### Records for this exercise
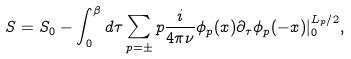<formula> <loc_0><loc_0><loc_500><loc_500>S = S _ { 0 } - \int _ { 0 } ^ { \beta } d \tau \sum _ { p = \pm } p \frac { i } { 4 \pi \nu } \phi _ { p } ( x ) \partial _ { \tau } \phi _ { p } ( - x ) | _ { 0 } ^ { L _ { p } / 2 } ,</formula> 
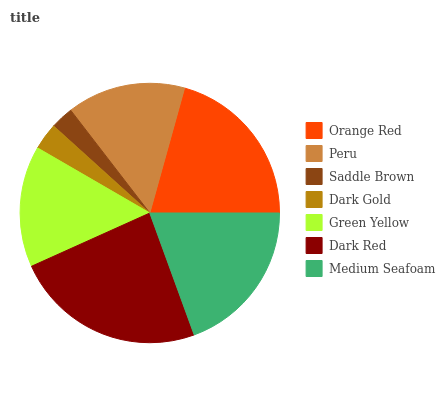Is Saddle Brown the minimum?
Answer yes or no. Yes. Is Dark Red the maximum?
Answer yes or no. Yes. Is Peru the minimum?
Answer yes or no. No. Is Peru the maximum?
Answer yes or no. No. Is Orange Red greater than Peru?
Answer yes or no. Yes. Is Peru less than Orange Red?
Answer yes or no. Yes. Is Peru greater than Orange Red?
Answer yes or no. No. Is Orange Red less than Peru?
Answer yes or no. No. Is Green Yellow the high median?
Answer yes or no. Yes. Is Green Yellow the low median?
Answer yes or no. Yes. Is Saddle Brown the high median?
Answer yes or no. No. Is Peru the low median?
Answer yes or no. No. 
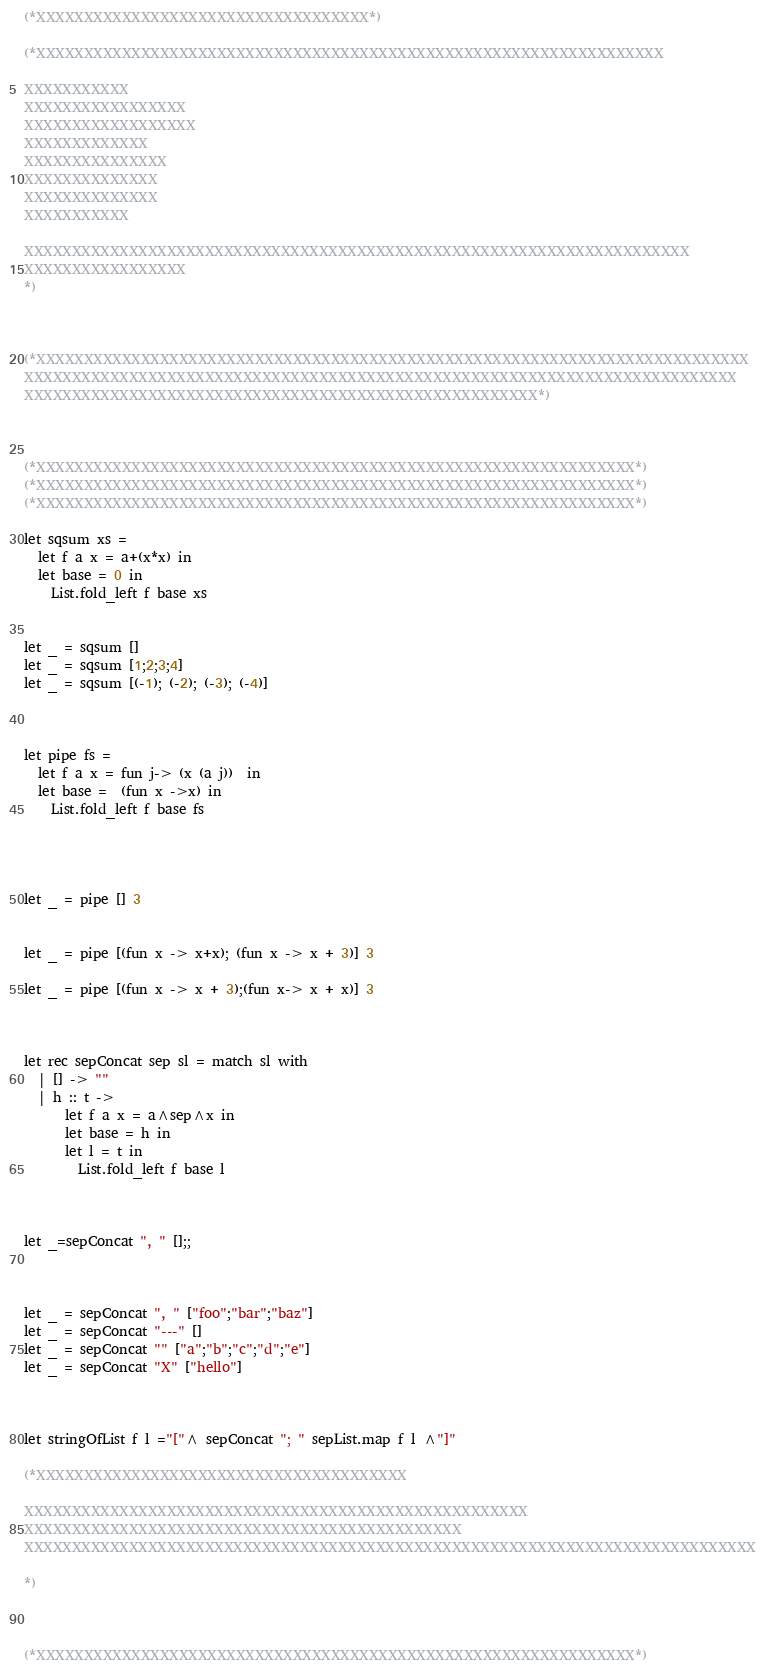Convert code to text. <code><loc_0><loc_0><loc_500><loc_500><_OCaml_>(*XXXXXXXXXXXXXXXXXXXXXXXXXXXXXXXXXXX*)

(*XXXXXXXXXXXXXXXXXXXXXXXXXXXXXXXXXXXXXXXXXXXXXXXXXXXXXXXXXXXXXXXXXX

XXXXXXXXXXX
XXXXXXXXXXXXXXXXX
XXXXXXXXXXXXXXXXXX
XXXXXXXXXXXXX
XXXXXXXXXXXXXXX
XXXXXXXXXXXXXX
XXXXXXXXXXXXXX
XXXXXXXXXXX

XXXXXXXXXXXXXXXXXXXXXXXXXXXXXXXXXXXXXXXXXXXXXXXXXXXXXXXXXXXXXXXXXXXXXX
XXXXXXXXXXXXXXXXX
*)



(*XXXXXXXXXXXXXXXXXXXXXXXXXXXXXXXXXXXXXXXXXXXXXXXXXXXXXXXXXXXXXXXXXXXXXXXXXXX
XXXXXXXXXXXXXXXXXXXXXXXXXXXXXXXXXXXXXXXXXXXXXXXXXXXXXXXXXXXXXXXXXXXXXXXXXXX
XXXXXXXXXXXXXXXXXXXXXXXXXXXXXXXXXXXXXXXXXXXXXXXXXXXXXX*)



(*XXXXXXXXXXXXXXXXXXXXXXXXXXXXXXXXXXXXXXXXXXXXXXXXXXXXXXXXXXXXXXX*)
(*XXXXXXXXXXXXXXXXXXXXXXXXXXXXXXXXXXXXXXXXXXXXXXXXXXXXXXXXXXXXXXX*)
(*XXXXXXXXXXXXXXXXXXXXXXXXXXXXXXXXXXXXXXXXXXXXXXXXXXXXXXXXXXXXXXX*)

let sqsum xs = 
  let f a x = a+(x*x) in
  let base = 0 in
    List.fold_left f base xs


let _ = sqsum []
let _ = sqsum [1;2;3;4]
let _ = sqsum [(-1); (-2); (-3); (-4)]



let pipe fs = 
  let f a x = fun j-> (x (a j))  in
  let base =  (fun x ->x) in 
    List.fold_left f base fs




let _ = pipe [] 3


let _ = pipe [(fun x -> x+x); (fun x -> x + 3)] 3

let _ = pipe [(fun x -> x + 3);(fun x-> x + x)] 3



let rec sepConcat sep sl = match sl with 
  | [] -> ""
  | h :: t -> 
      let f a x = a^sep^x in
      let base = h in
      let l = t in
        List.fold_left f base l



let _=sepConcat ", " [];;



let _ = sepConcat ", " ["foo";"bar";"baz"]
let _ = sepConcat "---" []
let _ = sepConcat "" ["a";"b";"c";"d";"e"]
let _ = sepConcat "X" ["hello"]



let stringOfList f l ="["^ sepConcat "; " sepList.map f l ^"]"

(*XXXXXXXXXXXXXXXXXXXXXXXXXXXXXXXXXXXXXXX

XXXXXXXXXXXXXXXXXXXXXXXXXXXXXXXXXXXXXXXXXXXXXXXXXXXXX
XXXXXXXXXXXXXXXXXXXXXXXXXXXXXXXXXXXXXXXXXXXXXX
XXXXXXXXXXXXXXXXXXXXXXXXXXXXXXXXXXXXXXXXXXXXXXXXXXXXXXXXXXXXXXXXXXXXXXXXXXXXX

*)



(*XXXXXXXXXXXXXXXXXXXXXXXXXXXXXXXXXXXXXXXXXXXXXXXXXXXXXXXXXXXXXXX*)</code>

==

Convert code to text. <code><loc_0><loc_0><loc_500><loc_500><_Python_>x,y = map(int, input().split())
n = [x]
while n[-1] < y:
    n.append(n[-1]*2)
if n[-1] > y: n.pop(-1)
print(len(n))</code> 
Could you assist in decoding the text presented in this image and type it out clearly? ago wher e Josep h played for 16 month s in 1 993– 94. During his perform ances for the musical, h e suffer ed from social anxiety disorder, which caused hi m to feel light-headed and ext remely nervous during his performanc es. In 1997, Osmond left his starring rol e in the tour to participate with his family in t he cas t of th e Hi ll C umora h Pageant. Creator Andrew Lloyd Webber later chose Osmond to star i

==

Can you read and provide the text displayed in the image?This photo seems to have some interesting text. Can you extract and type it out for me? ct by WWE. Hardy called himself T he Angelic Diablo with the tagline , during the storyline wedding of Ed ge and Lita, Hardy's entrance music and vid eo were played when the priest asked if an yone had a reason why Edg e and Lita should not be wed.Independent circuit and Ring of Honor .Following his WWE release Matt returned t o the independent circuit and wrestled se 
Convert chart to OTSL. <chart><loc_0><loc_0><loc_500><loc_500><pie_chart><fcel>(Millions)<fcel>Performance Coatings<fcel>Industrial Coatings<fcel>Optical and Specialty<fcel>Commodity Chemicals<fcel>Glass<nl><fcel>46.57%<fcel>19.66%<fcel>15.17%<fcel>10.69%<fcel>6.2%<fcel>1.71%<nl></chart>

### What you have to do
Please find each line in the records above that holds the word "high", and copy it.

### Exercise response
Answer yes or no. No. Is Green Yellow the high median?
Answer yes or no. Yes. Is Saddle Brown the high median?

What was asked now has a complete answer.